Exercise directions:
Please return every line of the records below that holds the word "pitch".

Supplied data:
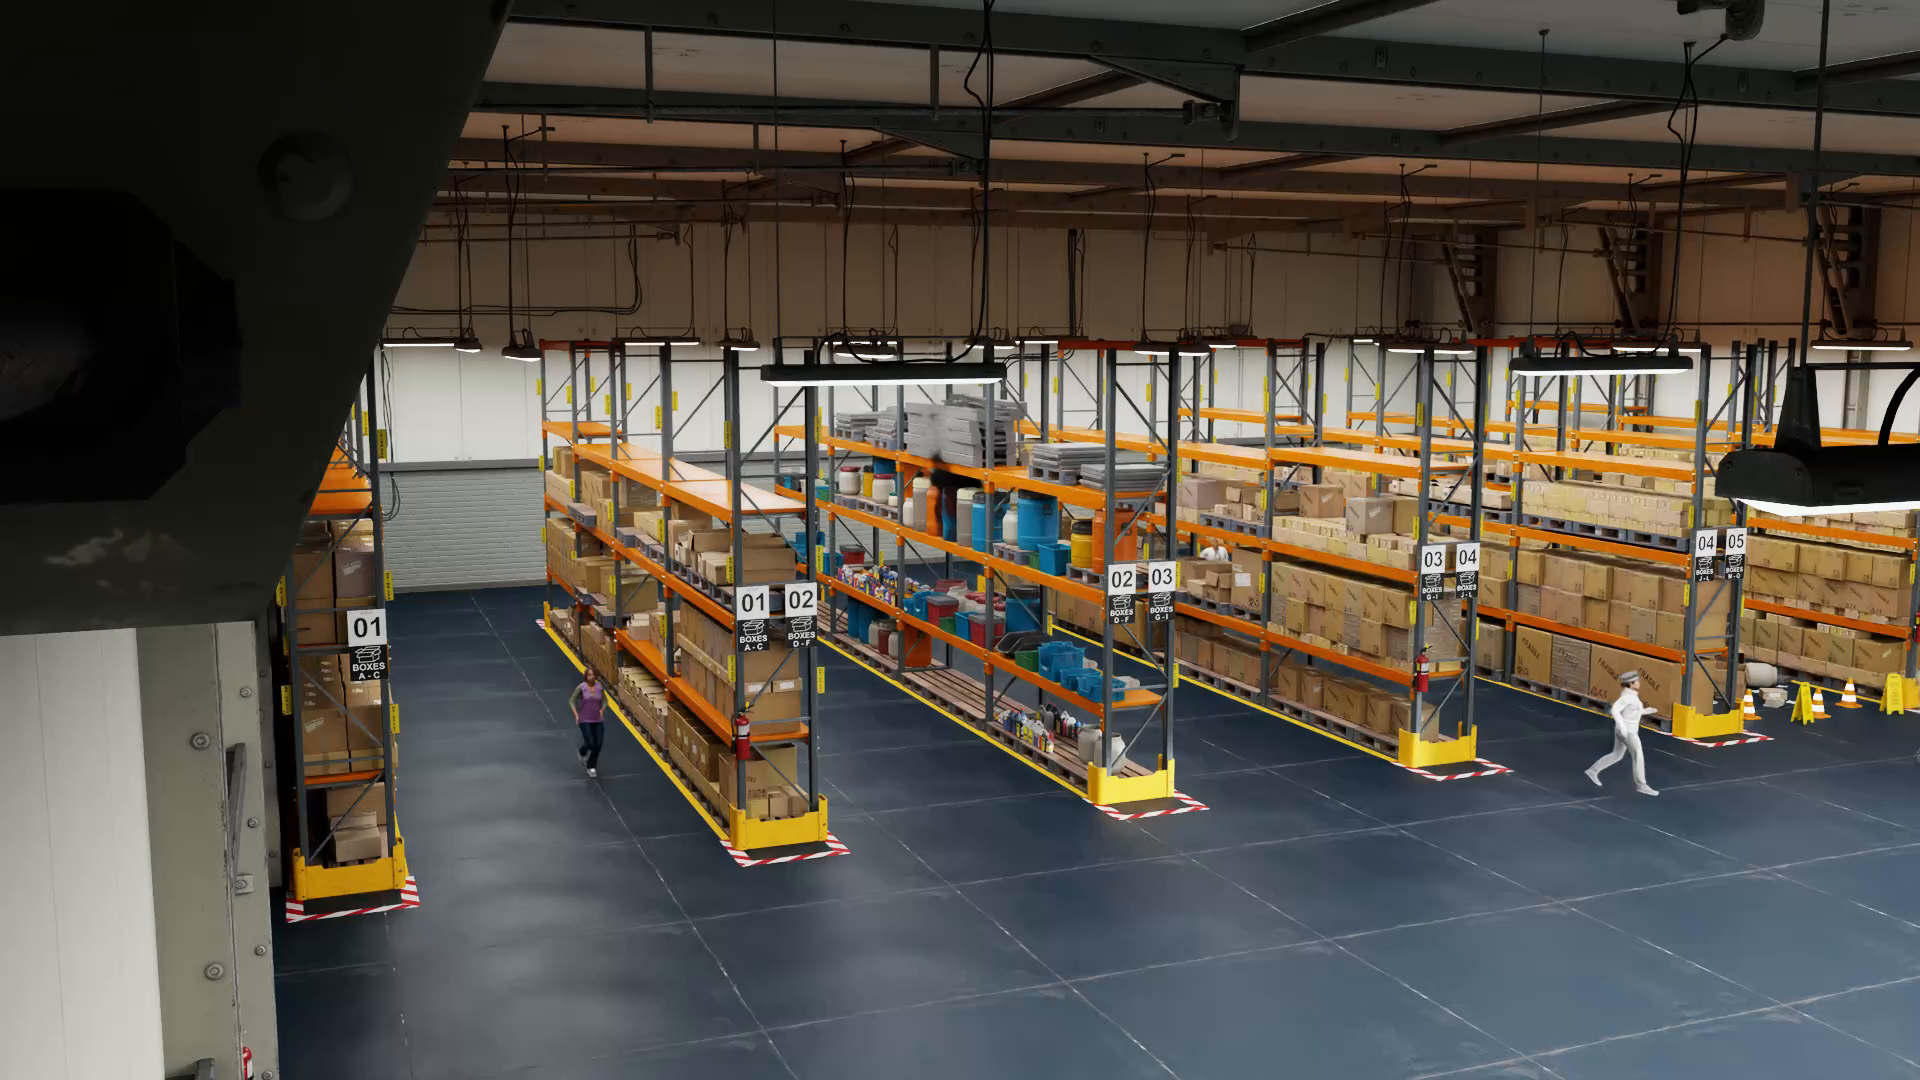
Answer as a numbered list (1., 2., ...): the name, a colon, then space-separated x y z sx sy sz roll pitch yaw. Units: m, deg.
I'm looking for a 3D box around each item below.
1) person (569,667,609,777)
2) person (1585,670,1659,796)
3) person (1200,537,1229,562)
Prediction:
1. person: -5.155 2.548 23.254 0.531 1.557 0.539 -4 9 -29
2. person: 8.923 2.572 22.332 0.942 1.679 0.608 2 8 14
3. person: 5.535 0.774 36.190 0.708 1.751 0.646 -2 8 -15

---

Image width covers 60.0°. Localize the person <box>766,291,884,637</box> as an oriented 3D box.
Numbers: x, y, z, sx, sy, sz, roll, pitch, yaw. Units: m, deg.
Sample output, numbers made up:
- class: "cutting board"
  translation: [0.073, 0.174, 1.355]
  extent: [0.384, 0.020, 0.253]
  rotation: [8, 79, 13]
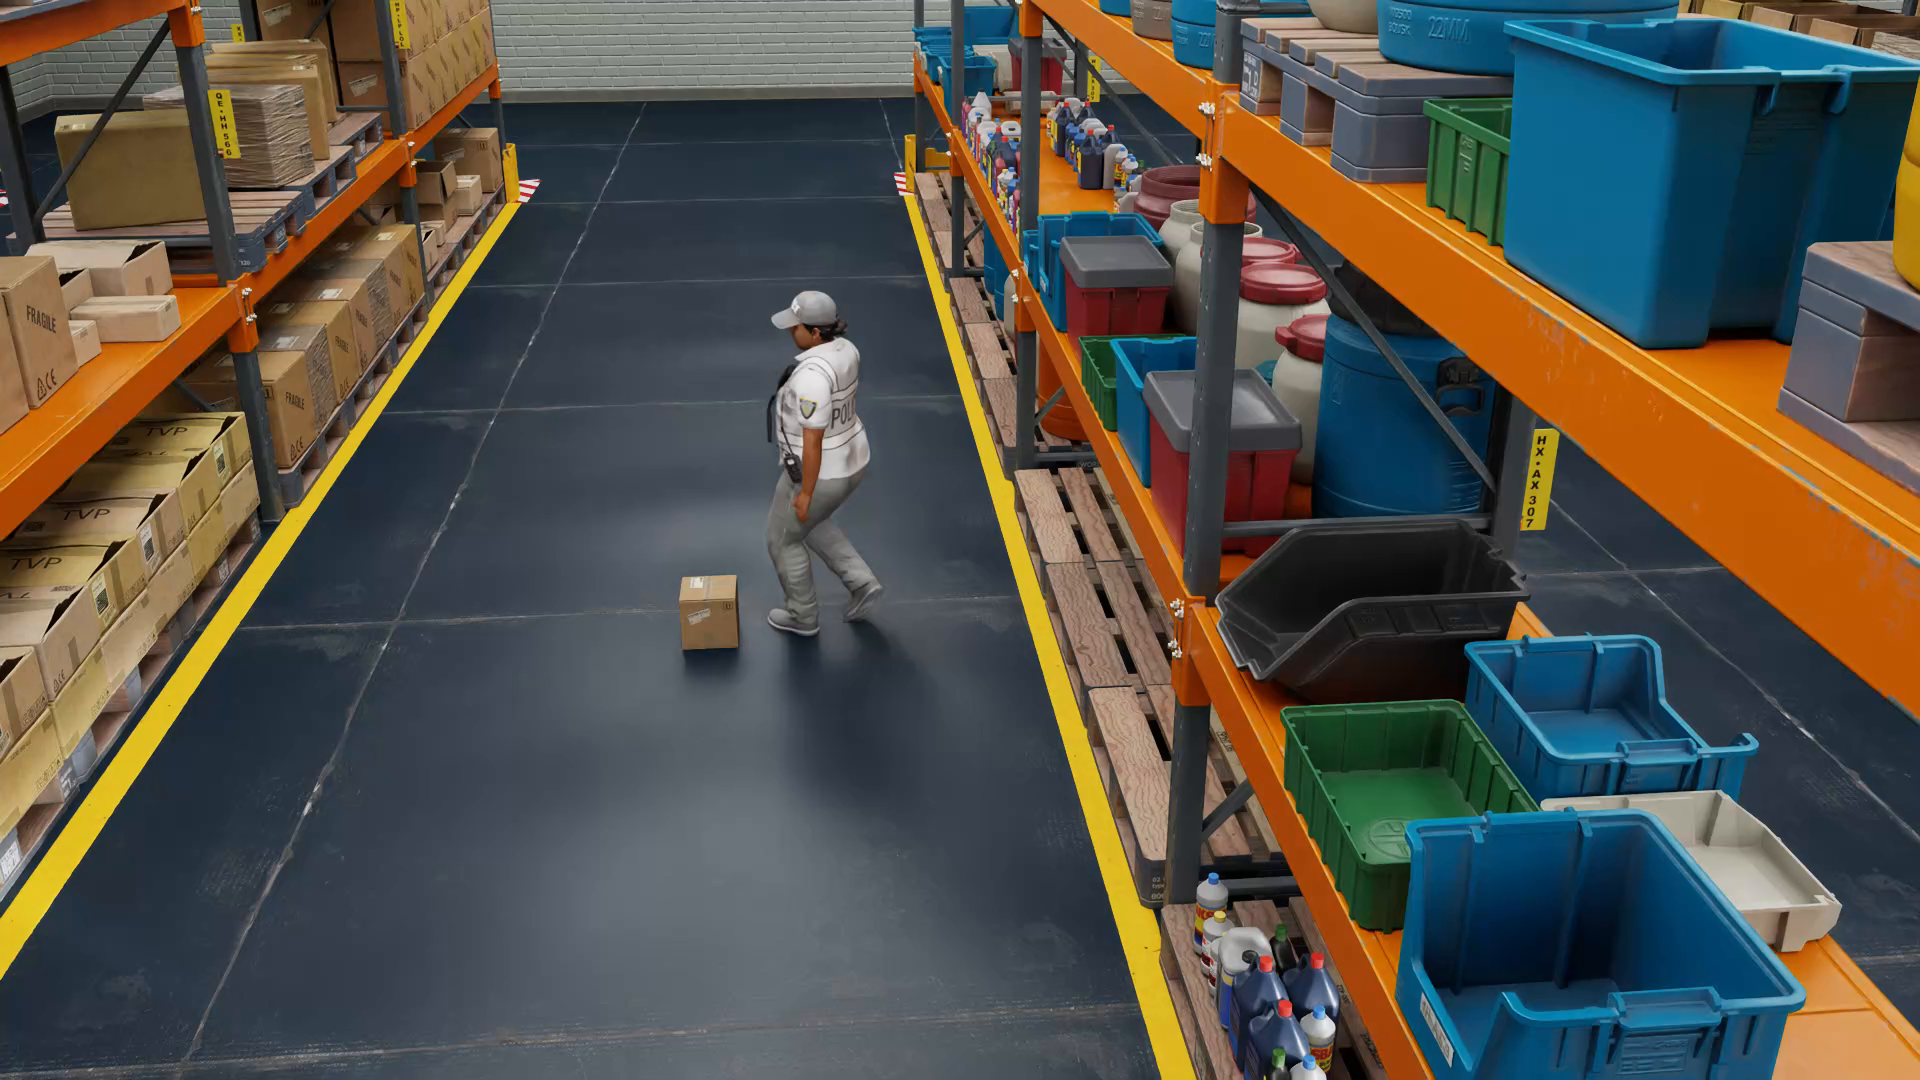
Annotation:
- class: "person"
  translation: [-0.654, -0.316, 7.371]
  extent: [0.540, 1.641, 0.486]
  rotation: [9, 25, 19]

---

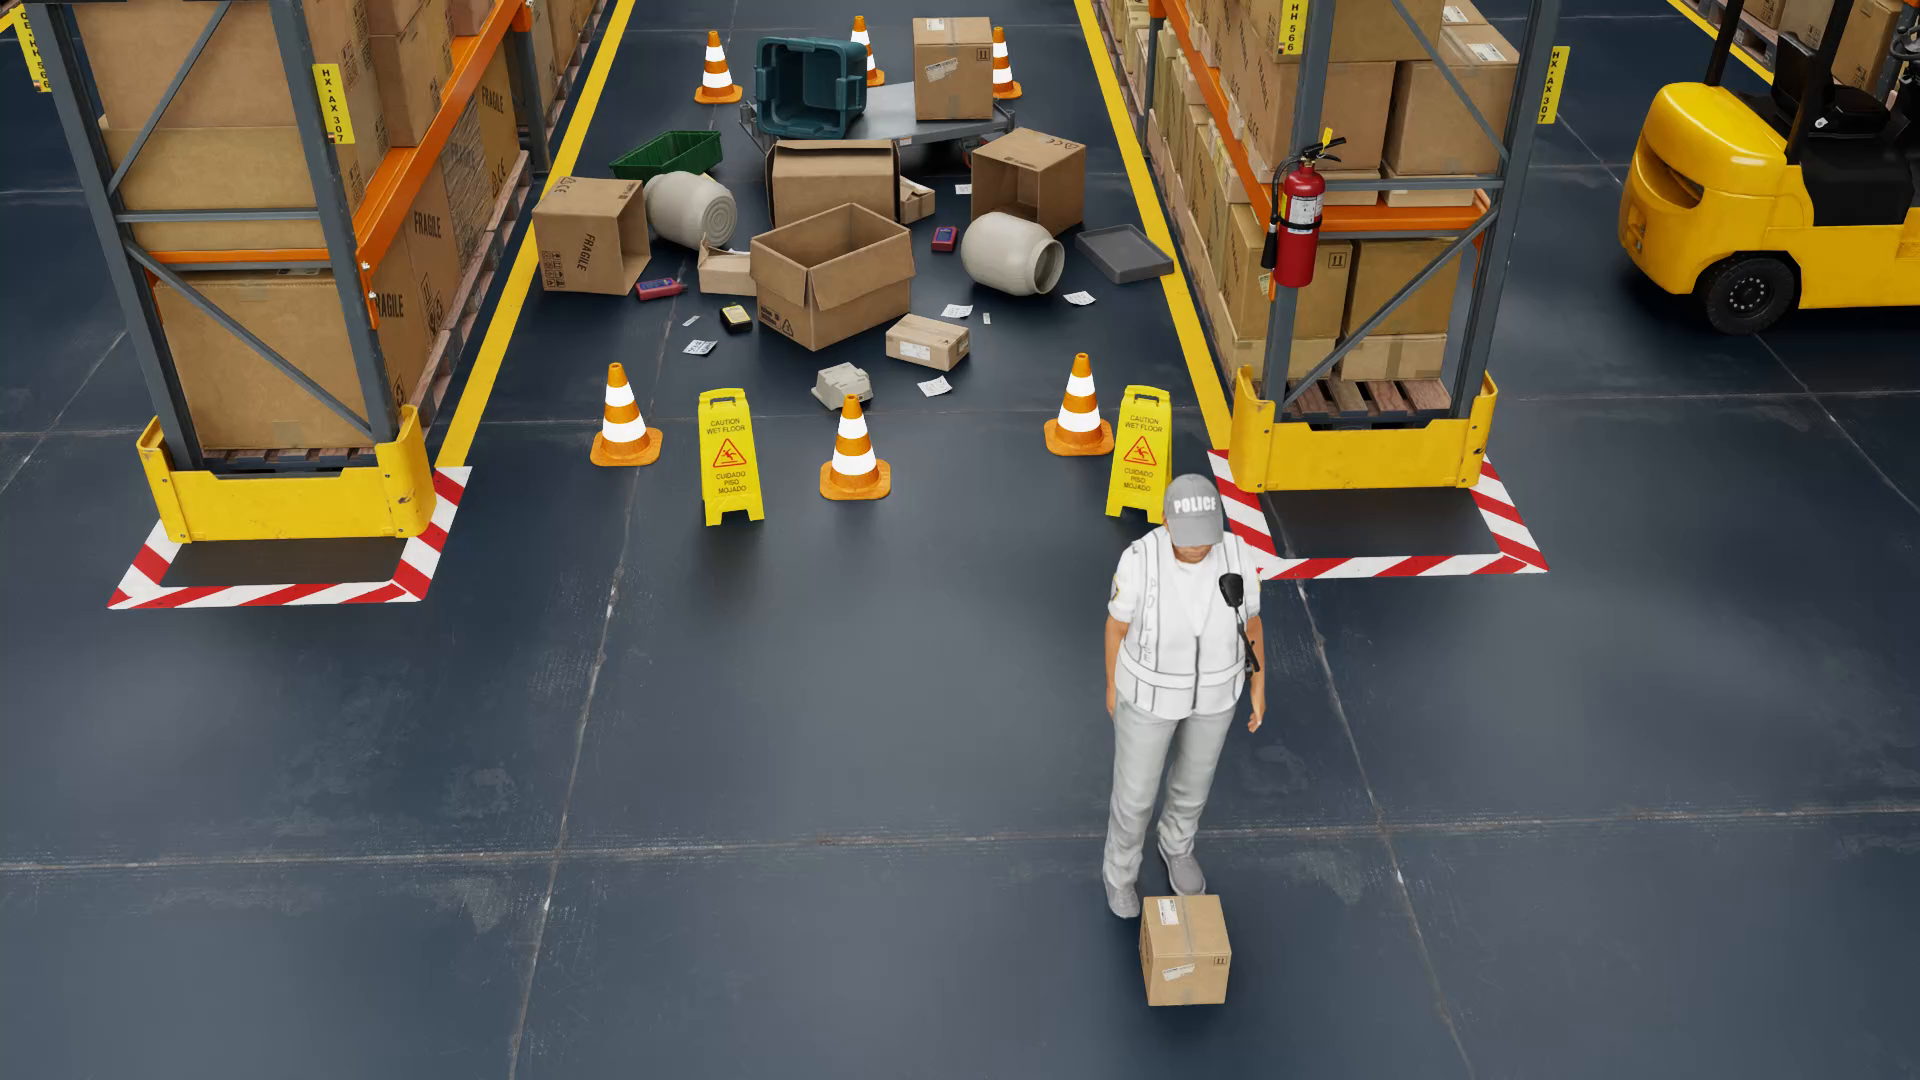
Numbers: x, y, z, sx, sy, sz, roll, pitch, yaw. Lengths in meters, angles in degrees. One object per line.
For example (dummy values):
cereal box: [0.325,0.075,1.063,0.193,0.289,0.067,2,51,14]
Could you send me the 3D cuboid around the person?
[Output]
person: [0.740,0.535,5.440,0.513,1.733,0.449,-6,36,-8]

Result of the task:
Answer as a numbered list (1., 2., ...): the name, a colon, then space-separated x y z sx sy sz roll pitch yaw. Units: m, deg.
Numbers: x, y, z, sx, sy, sz, roll, pitch, yaw. Units: m, deg.
Numbers: x, y, z, sx, sy, sz, roll, pitch, yaw. Lengths in meters, angles in degrees. One object per line.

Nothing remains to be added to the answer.